Here are some things Brown did in his last two terms:
— Budget: When he came to office, the state budget was bleeding $27 billion in red ink, a deficit caused by the recession. Brown leaves with a projected $15-billion surplus, plus a $14.5-billion rainy day reserve.
Credit three things: The national economic rebound, Brown’s keeping Democratic spenders in check and his persuading voters to greatly increase income taxes on the wealthy. That tax hike is expected to generate $8.3 billion this fiscal year.
What California really needs is to update its tax system, which is way too reliant on rich people’s incomes. When the inevitable recession hits, their capital gains nosedive and state revenue dwindles. Crucial state programs are whacked. To reduce the revenue volatility, we need to flatten the income tax and extend the sales tax to certain services, such as legal.
Brown dismissed that notion as politically impractical in an interview last week.
“Put the ‘Skelton tax’ on the ballot and it’d be a loser,” he told me. He scoffed at the idea of telling the middle class it would have to pay higher income taxes in order to lower levies on the rich “so there’ll be less volatility in the tax system.”
It wouldn’t need to be done that way, but there was no interest by Brown in trying.
— Climate change: Brown unquestionably has been a world leader in trying to combat global warming by reducing greenhouse gas emissions. For example, he signed legislation to reduce petroleum use in vehicles 50% by 2030.
— Highways: He maneuvered legislative passage of a gas tax increase to raise $5 billion a year for highway repairs and other transportation improvements. Then he led the successful fight against a repeal effort on the November ballot.
— School funding: He pushed through legislation changing the K-12 spending formula to provide extra money for low-income students and English learners.

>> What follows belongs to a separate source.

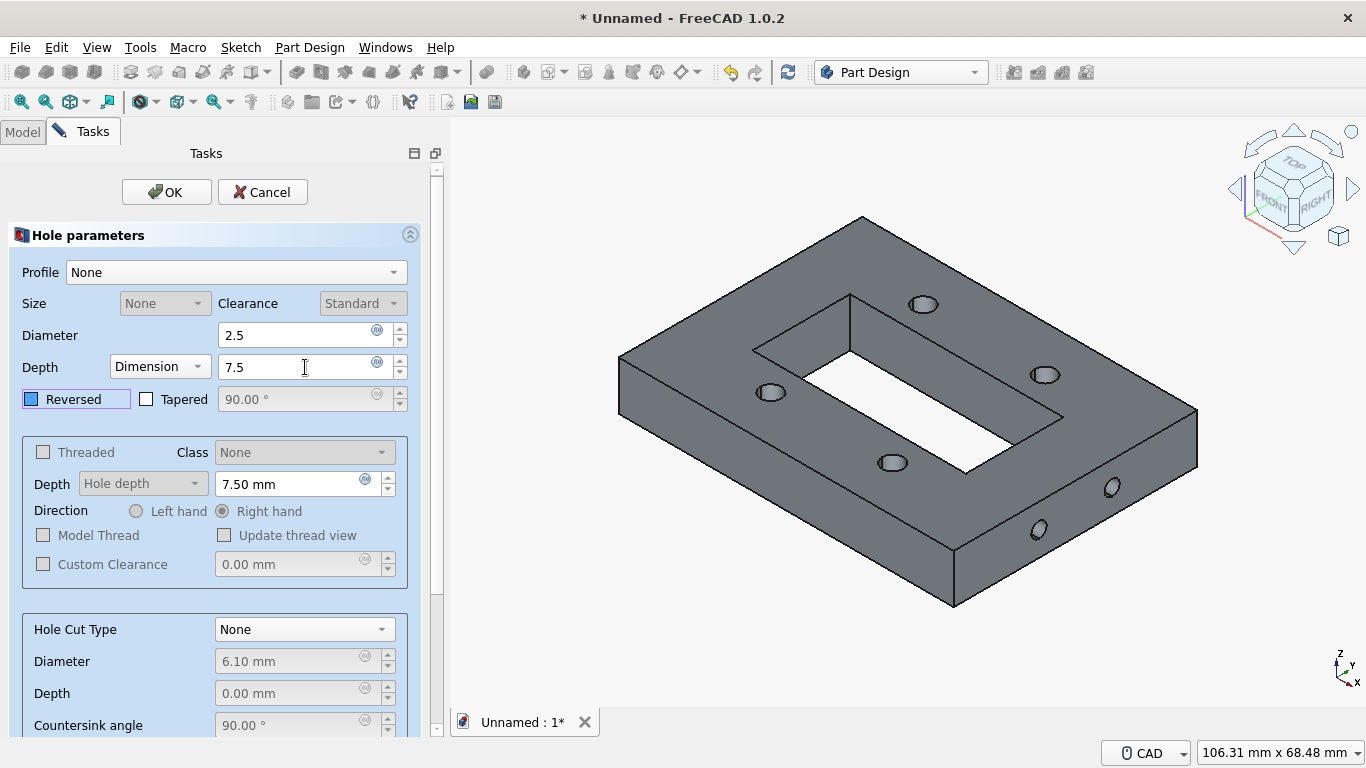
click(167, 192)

— Prisons: Under orders from three liberal federal judges, Brown greatly reduced the state prison population by locking up more criminals in county jails. Sentences also were lowered.
Brown fought the judges, but acknowledges that their intervention was “a very good thing. Without them, there’d be massive overcrowding.

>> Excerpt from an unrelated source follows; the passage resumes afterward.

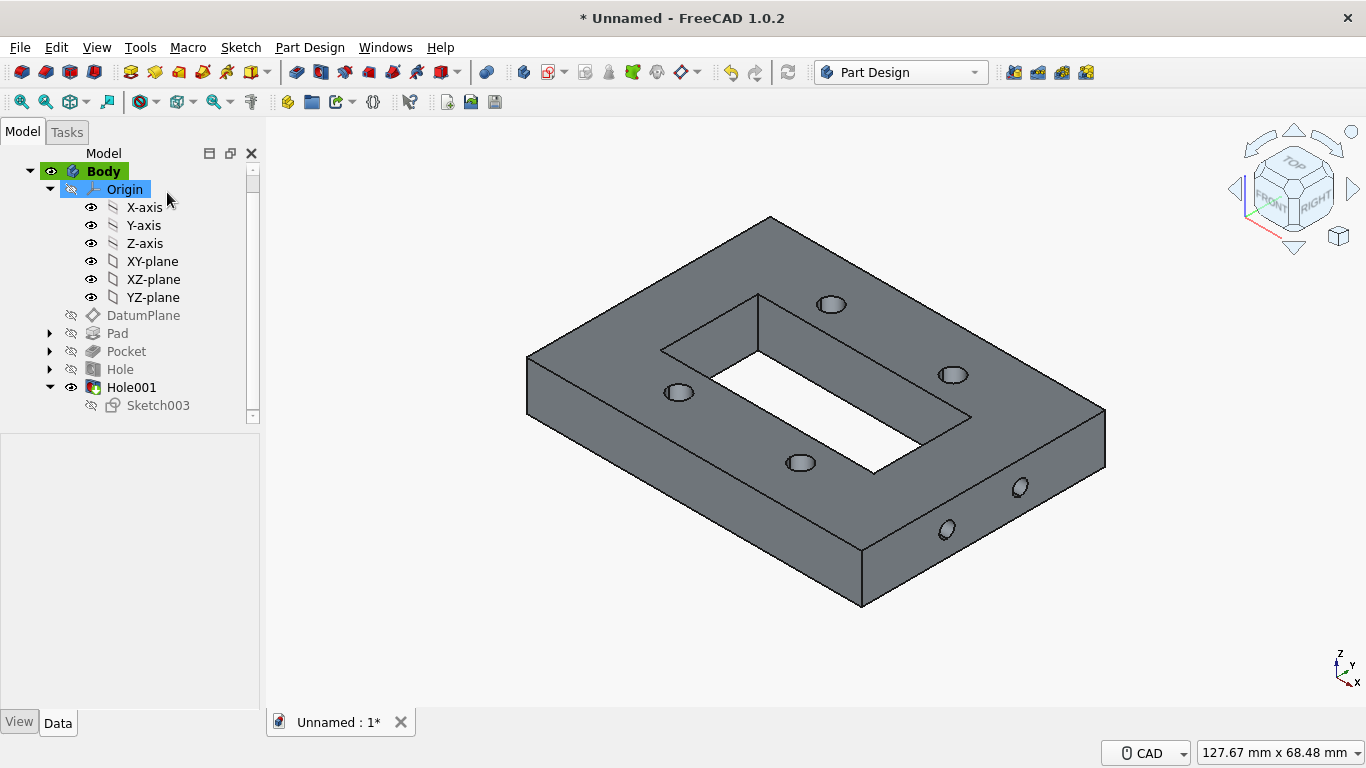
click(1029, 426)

“That’s proof of the wisdom of separation of powers,” he added. “The judiciary can stop a state from doing what it wants.”
Brown has been a lifelong opponent of the death penalty. But when there were ballot measures in 2012 and 2016 to abolish capital punishment, he didn’t endorse either and they lost. I asked him why at a Sacramento Press Club luncheon last week.
“The essence of leadership is knowing when to hold and when to fold, when to move forward and when to stay still,” he answered. “I’ve focused on reforming criminal justice.”
What Brown didn’t say was that in 2012 his “soak the rich” tax hike was on the ballot, and in 2016 he was pushing a proposition to overhaul criminal sentencing. He figured that wading into the death penalty fight might jeopardize his ballot propositions.
Brown’s a skilled political practitioner and as feisty at age 80 as he was when he first became governor at 36.
Asked at the press club about the fate of his embattled bullet train and Delta twin-tunnel projects after he’s gone, Brown answered without hesitation: “They will be built.” Gov.-elect Gavin Newsom wants to scale back both projects.
I asked Brown how the $77-billion bullet train — way over budget and far behind schedule — could possibly be paid for. “Easy,” he said: The federal government must kick in.
And the $17-billion water tunnels?
“Listen, George, I know you don’t like the tunnels,” he said. “But without the tunnels the Delta will die.”
It may die as a plumbing fixture, but not as a recreational haven and the largest estuary on the West Coast, a vital producer of salmon and steelhead.
There are Brown policies many of us don’t like. But he fully participated in the democratic process rather than use his family connections and talent to make a mint in the private sector.
He enjoyed public service and making a difference, instead of just complaining. For the civic contribution alone, he deserves an A.
And the unfailing entertainment will be missed.